Certas coisas nos marcam a alma como ferro em brasa marca gado.

A prisão em que Billy ficou trancado e que teve que escapar foi a mesma que eu construi - só que dentro de mim, nos porões de minha alma, com carrascos horríveis e extremamente cruéis.

Nossa mente pode ser um lugar perigoso. No entanto, em situações precárias ou quando nos sentimos vulneráveis e pressionados, algo parece impulsionar nossa criatividade e nossa determinação.

Resistência é o termo comumente utilizado para caracterizar a capacidade de superar obstáculos e adversidades em contextos de forte tensão e perturbação. O importante é o quanto de porrada você é capaz de suportar.  Assim é a vida.

A obstinação de Billy em escapar da prisão desde o início é admirável. Desconfiado e decepcionado com a justiça turca, a fuga se torna a única opção viável para ele, a única forma de se manter lúcido e vivo.

O contexto político e as relações entre os Estados Unidos e a Turquia são elementos importantes no enredo e, de certa forma, influenciam suas decisões. "Fazia cinco anos que eu tinha me metido nessa. Fazia cinco anos que eu esperava minha família, meus amigos, meus advogados, me tirarem dessa. Eu tinha vinte e oito anos. Talvez fosse hora de resolver tudo com minhas próprias mãos. Chegou a hora – falei ao ar matinal. – chegou a hora.” 
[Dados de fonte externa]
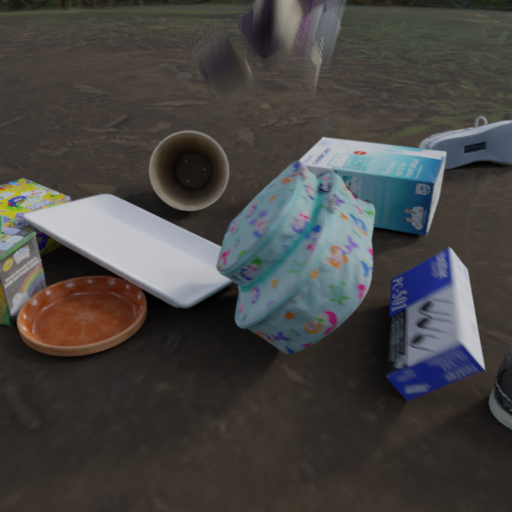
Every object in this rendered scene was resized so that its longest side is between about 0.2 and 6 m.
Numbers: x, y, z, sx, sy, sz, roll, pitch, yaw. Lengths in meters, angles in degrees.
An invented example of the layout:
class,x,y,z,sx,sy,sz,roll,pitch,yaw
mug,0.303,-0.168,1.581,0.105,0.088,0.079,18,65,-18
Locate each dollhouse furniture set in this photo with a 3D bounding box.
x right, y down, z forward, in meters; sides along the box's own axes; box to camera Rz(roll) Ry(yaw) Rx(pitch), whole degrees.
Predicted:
class,x,y,z,sx,sy,sz,roll,pitch,yaw
dollhouse furniture set,-0.278,-2.496,4.529,1.844,2.328,1.652,-29,34,20

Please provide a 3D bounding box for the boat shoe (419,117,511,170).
class,x,y,z,sx,sy,sz,roll,pitch,yaw
boat shoe,5.472,-2.808,13.909,2.937,1.085,1.252,-12,27,-1

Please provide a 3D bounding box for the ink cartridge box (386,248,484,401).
class,x,y,z,sx,sy,sz,roll,pitch,yaw
ink cartridge box,2.328,0.835,7.477,1.050,0.494,2.233,-33,16,29

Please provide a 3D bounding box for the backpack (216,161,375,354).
class,x,y,z,sx,sy,sz,roll,pitch,yaw
backpack,0.543,0.040,7.629,1.779,2.098,2.364,33,37,-23

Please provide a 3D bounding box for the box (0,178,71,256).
class,x,y,z,sx,sy,sz,roll,pitch,yaw
box,-4.340,-0.609,10.074,1.444,0.914,1.499,21,36,32

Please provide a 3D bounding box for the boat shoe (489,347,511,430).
class,x,y,z,sx,sy,sz,roll,pitch,yaw
boat shoe,4.077,1.800,5.939,2.939,0.885,1.048,17,34,26

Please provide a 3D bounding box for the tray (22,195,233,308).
class,x,y,z,sx,sy,sz,roll,pitch,yaw
tray,-1.925,-0.101,9.229,3.613,0.401,1.940,25,30,26

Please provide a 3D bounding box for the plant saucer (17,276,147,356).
class,x,y,z,sx,sy,sz,roll,pitch,yaw
plant saucer,-2.498,0.873,8.150,1.803,0.291,1.803,1,30,-1

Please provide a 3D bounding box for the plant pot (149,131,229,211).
class,x,y,z,sx,sy,sz,roll,pitch,yaw
plant pot,-1.366,-1.781,11.707,1.549,1.549,1.654,-2,10,-4

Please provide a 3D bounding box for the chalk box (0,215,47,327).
class,x,y,z,sx,sy,sz,roll,pitch,yaw
chalk box,-3.821,0.128,8.230,0.919,1.485,0.924,9,31,15

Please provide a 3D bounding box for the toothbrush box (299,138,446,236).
class,x,y,z,sx,sy,sz,roll,pitch,yaw
toothbrush box,2.302,-1.481,11.314,2.655,1.132,1.944,11,31,21

Quando resolvi abandonar a cocaína foi assim também. "Chegou a hora."  Eu estava morrendo a olhos vistos. Eu era motivo de pena e de chacota. Era a droga ou eu - bem assim. O impossível era o meu dever naquele momento crucial de minha existência. Minha vida era minha e eu não podia deixar que ela fosse esmagada por uma substância ou por minha completa submissão e covardia.

Vi muita coisa no mundo. Há pessoas que têm uma biblioteca como os eunucos um harém. Há "paisanas travestidos de drogados".  Há os que arrumam culpados para tudo. Há de tudo. Existem aqueles vivem muitas vidas sem escrever uma única página, linha, palavra... Pessoas que são a própria poesia.

Existem os livros que nos levam para além dos livros, como diria o filósofo.

Conheci algumas almas nobres.  A vida não segue em linha reta e com a coerência de uma redação de vestibular ou um TCC universitário. Só o morto fica parado, educado, de boca fechada, sem reclamar.

Percebi que tinha que escapar da prisão que eu mesmo construí... inventar novos caminhos. Tinha luz lá fora. Não era muita, mas dava para vencer a escuridão da minha alma.

Eu estava atento, como um pai que carrega a filha recém-nascida nos braços. E eu ainda seria abençoado com duas lindas meninas. O destino iria me presentear com muito mais.

Claro que nunca poderei vencer a morte. Mas posso vencer a morte em vida - que é a pior de todas as mortes.